When you call `.pipe()`, you aren't iterating the data yet. You are composing a chain of generator functions. Iteration only begins when you call `.collect()` (or iterate the stream manually). This is what allows for efficiency gains:
1. **Short-circuiting**: Operations like `find` or `take` stop the generator chain early.

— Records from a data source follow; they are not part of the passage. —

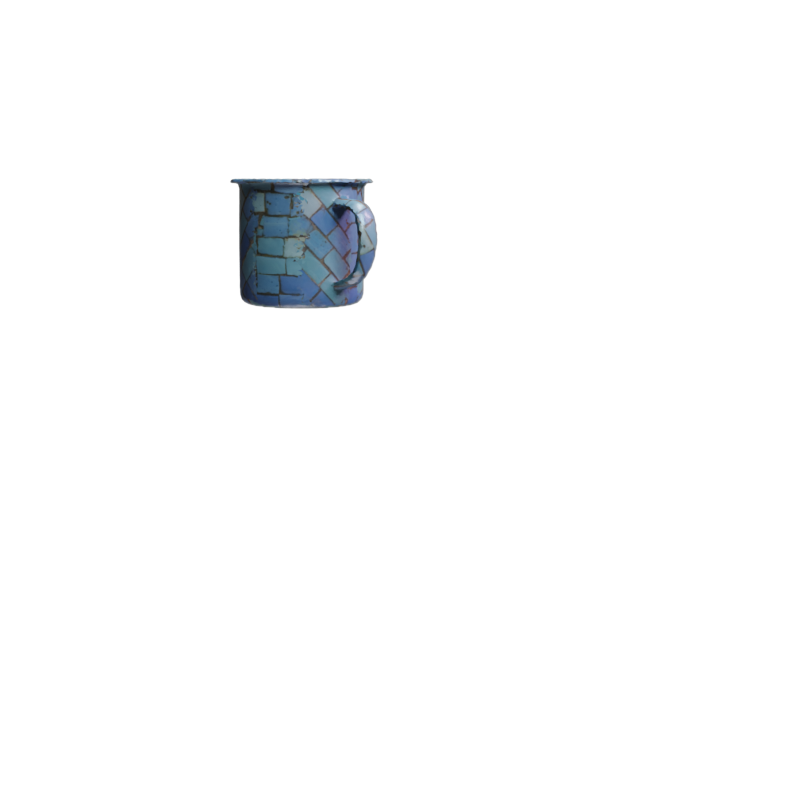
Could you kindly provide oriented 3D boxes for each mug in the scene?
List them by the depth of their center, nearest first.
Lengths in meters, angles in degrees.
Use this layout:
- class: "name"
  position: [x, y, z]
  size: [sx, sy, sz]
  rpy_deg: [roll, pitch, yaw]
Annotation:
- class: "mug"
  position: [-0.056, -0.102, 0.717]
  size: [0.090, 0.081, 0.123]
  rpy_deg: [-6, 11, -42]
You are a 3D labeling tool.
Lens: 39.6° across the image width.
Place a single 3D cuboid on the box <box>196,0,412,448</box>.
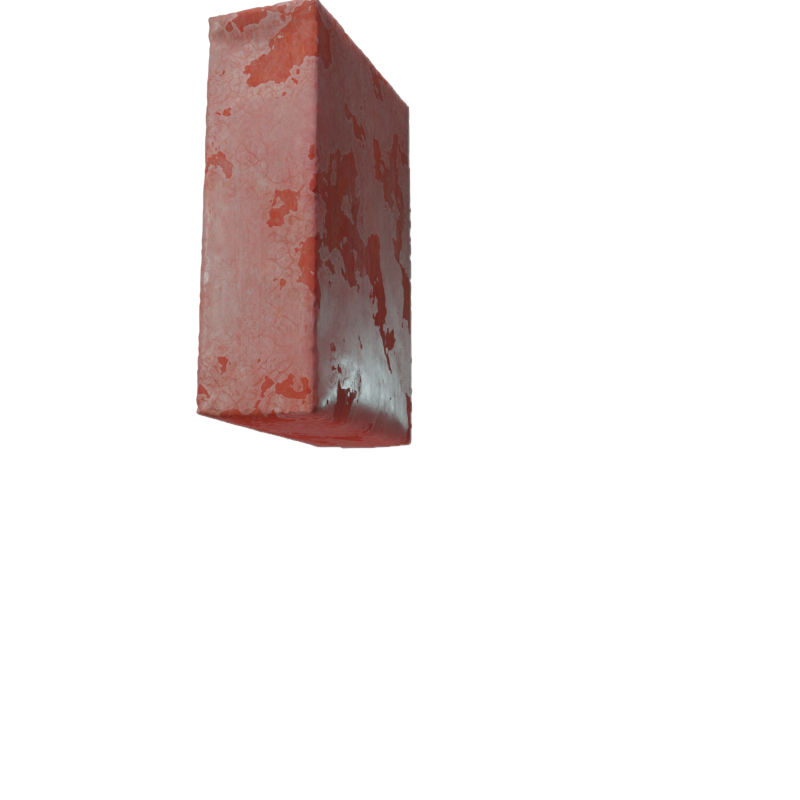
[{"bbox_3d":[-0.048,-0.087,0.613,0.073,0.221,0.156,-6,-13,18],"label":"box"}]
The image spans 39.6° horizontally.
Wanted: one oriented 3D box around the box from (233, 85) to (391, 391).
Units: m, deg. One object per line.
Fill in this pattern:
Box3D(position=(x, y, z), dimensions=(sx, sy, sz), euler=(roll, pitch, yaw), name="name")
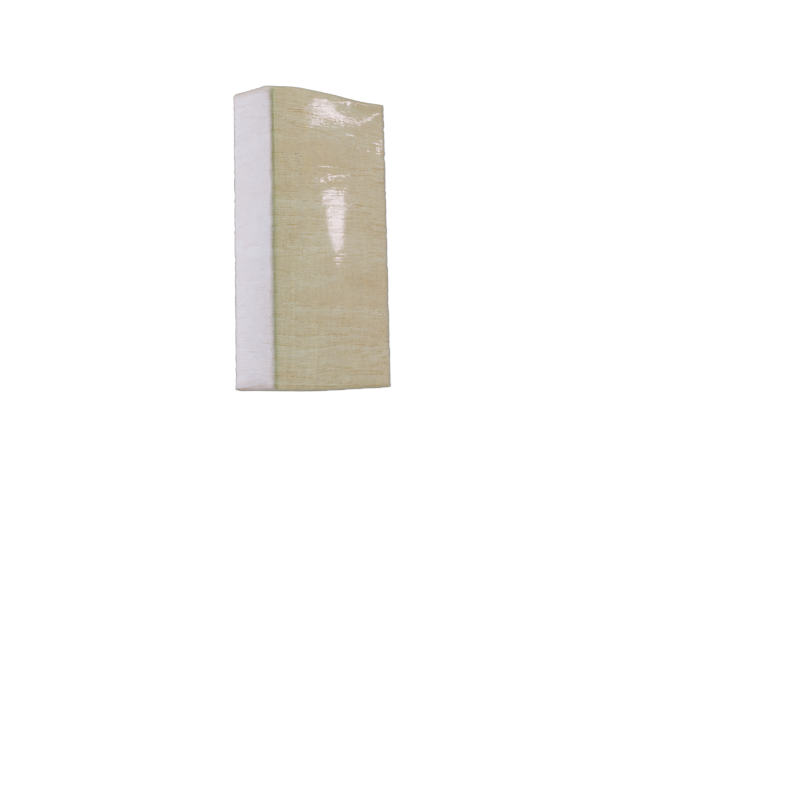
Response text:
Box3D(position=(-0.052, -0.095, 0.664), dimensions=(0.089, 0.178, 0.050), euler=(2, -5, -43), name="box")

2. **Low Memory**: Only one item is held in memory at a time (unless buffering is explicitly required, like in `sort`).
## Examples
### Laziness (Performance)
Standard array methods like `.map().filter()` create a new array for every step. Stream API does not.
```typescript
import { stream, map, filter, take, toArray } from "@szilanor/stream";
// Standard JS: Iterates the entire array multiple times
const bad = hugeArray
.map(transform) // Allocates new array size of hugeArray
.filter(predicate) // Allocates another new array
.slice(0, 5);
// Stream API: Iterates once, stops early
const good = stream(hugeArray)
.pipe(
map(transform),
filter(predicate),
take(5), // Stops processing after finding 5 items
)
.collect(toArray());
```
### Async Pipelines
Handling async data streams seamlessly.
```typescript
import { stream, mapAsync, filterAsync, toArrayAsync } from "@szilanor/stream";
const activeUsers = await stream(userIds)
.pipeAsync(
mapAsync(async (id) => {
const user = await fetchUser(id);
return user;
}),
filterAsync((user) => user.isActive),
)
.collectAsync(toArrayAsync());
```
### Custom Operators
Extending the library is as simple as writing a generator function.
```typescript
import { OperationFunction, stream, toArray } from "@szilanor/stream";
// Emit every Nth item
const everyNth = <T>(n: number): OperationFunction<T, T> => {
return function* (iterable) {
let i = 0;
for (const item of iterable) {
if (i++ % n === 0) yield item;
}
};
};
stream([1, 2, 3, 4, 5, 6]).pipe(everyNth(2)).collect(toArray()); // [1, 3, 5]
```
## Comparison
| | Stream API | RxJS | Native Array Methods |
| ------------- | --------------------------------- | ------------------------ | -------------------- |
| **Paradigm** | Pull-based (Iterators) | Push-based (Observables) | Eager |
| **Data Type** | Data in motion / Collections | Events / Time streams | Static Arrays |
| **Async** | `AsyncIterable` (await/for-await) | Observables (subscribe) | `Promise.all` needed |
### Understanding "Data Types"
The main difference lies in **who controls the flow**:
- **Stream API (Pull)**: _You_ are in control. You ask for the next item when you are ready. This is ideal for "Data in motion" (reading files, database cursors, large algorithms) where you want to process data at your own pace without being overwhelmed.
- **RxJS (Push)**: _The source_ is in control. Data arrives whenever it wants (mouse clicks, WebSocket messages, timers). You must react to it immediately.
- **Native Arrays**: Data is static. It sits in memory, allowing random access (index `[0]`), but requiring all data to be loaded before processing begins.